We examined the effect of substitution of a cis-olefin with a
cis-cyclopropane in mycolic acids on cell wall thermochemistry and
showed, with either purified cell walls or MAMEs, that proximal
cyclopropanation increased the observed temperature of the transition
by approximately 3 °C. The magnitude of this change seems quite
reasonable since substitution of a cis-cyclopropane for a cis-olefin in
the much shorter palmitoleate (C16:1), raises the observed temperature
of phase transition by 15.6 °C(33) , and only about 30% of
the mycolates are converted to the cyclopropanated form. The distal
cyclopropane had no such effect, possibly reflecting the role of this
cyclopropane in interacting with other lipids that form a less tightly
associated region that is not observed by DSC of detergent-extracted
cell walls.
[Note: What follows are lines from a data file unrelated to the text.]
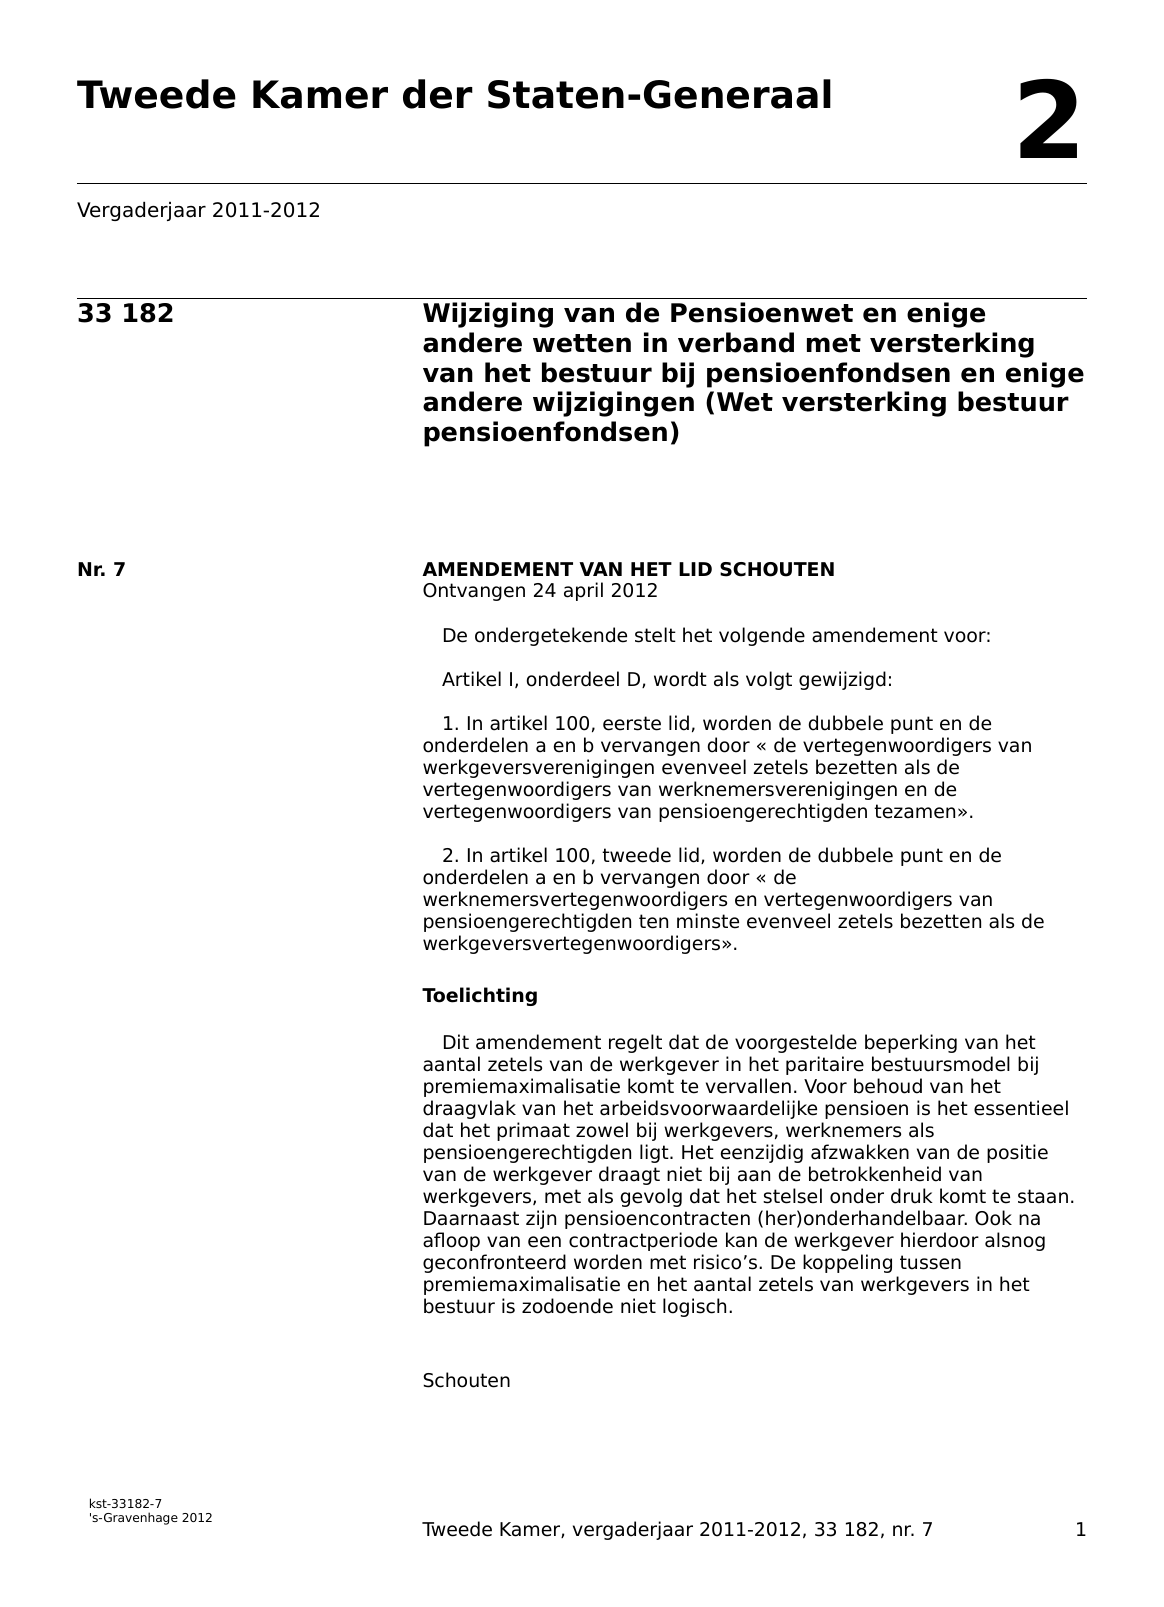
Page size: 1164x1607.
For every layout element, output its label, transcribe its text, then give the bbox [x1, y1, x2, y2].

text 's-Gravenhage 2012 [88, 1511, 323, 1525]
text De ondergetekende stelt het volgende amendement voor: [422, 624, 1087, 647]
subtitle 33 182 Wijziging van de Pensioenwet en enige andere wetten in verband met versterking van het bestuur bij pensioenfondsen en enige andere wijzigingen (Wet versterking bestuur pensioenfondsen) [77, 299, 1087, 447]
table_cell Vergaderjaar 2011-2012 [77, 184, 1087, 298]
text Dit amendement regelt dat de voorgestelde beperking van het aantal zetels van de werkgever in het paritaire bestuursmodel bij premiemaximalisatie komt te vervallen. Voor behoud van het draagvlak van het arbeidsvoorwaardelijke pensioen is het essentieel dat het primaat zowel bij werkgevers, werknemers als pensioengerechtigden ligt. Het eenzijdig afzwakken van de positie van de werkgever draagt niet bij aan de betrokkenheid van werkgevers, met als gevolg dat het stelsel onder druk komt te staan. Daarnaast zijn pensioencontracten (her)onderhandelbaar. Ook na afloop van een contractperiode kan de werkgever hierdoor alsnog geconfronteerd worden met risico’s. De koppeling tussen premiemaximalisatie en het aantal zetels van werkgevers in het bestuur is zodoende niet logisch. [422, 1032, 1087, 1318]
text Ontvangen 24 april 2012 [422, 580, 1087, 602]
text kst-33182-7 [88, 1497, 323, 1511]
text Artikel I, onderdeel D, wordt als volgt gewijzigd: [422, 669, 1087, 691]
subtitle Nr. 7 AMENDEMENT VAN HET LID SCHOUTEN [77, 558, 1087, 580]
subtitle Toelichting [422, 985, 1087, 1007]
table_header Tweede Kamer der Staten-Generaal [77, 59, 886, 183]
text Schouten [422, 1348, 1087, 1392]
text 2. In artikel 100, tweede lid, worden de dubbele punt en de onderdelen a en b vervangen door « de werknemersvertegenwoordigers en vertegenwoordigers van pensioengerechtigden ten minste evenveel zetels bezetten als de werkgeversvertegenwoordigers». [422, 845, 1087, 955]
table_header 2 [886, 59, 1087, 183]
text 1. In artikel 100, eerste lid, worden de dubbele punt en de onderdelen a en b vervangen door « de vertegenwoordigers van werkgeversverenigingen evenveel zetels bezetten als de vertegenwoordigers van werknemersverenigingen en de vertegenwoordigers van pensioengerechtigden tezamen». [422, 713, 1087, 823]

In fact, our M. smegmatis cell wall preparations
gave significantly lower melting temperatures than purified cell walls
from M. smegmatis prepared without detergent extraction ()presumably due to the loss of ancillary lipids during the
Triton X-114 extraction.
The impermeability of the mycobacterial cell wall is a hallmark of the organism. In the case of slow growing and pathogenic mycobacteria such as M. tuberculosis, it seems likely that high durability of mycolic acids would be essential, especially in the face of environmental and host-initiated oxidative stress in its intracellular habitat(13, 16) . Dicyclopropyl mycolic acids are the major species found in many slow growing and pathogenic strains of mycobacteria including M. avium, Mycobacterium kansasii, M. marianum, M. leprae, Mycobacterium paratuberculosis, and M. tuberculosis(3) . In contrast fast growing saprophytic mycobacteria such as M. smegmatis, Mycobacterium phlei, and Mycobacterium chelonae appear to possess primarily diunsaturated mycolic acids with an abundance of cis-olefins(34) . In the case of the distal cyclopropane, we have previously demonstrated that expression in M. smegmatis results in significant protection from hydrogen peroxide (13) . In the case of the proximal cyclopropane, we have been unsuccessful in demonstrating a similar role in protection from oxidative stress (data not shown). This may be related to the largely internal and less accessible location of the proximal cyclopropane.
Cyclopropanation of fatty acids only occurs in a small number of related taxa of bacteria. Among mycobacteria, this modification is limited to the slow growing pathogens. Mammals do not cyclopropanate unsaturated lipids. Thus, enzymes catalyzing this unique modification constitute a viable target for the design of new chemotherapy against pathogenic mycobacteria, as well as providing the tools for understanding the biosynthesis, regulation, and function of these complex lipids.
The nucleotide sequence(s) reported in this paper has been submitted to the GenBank(TM)/EMBL Data Bank with accession number(s) U34637[GenBank].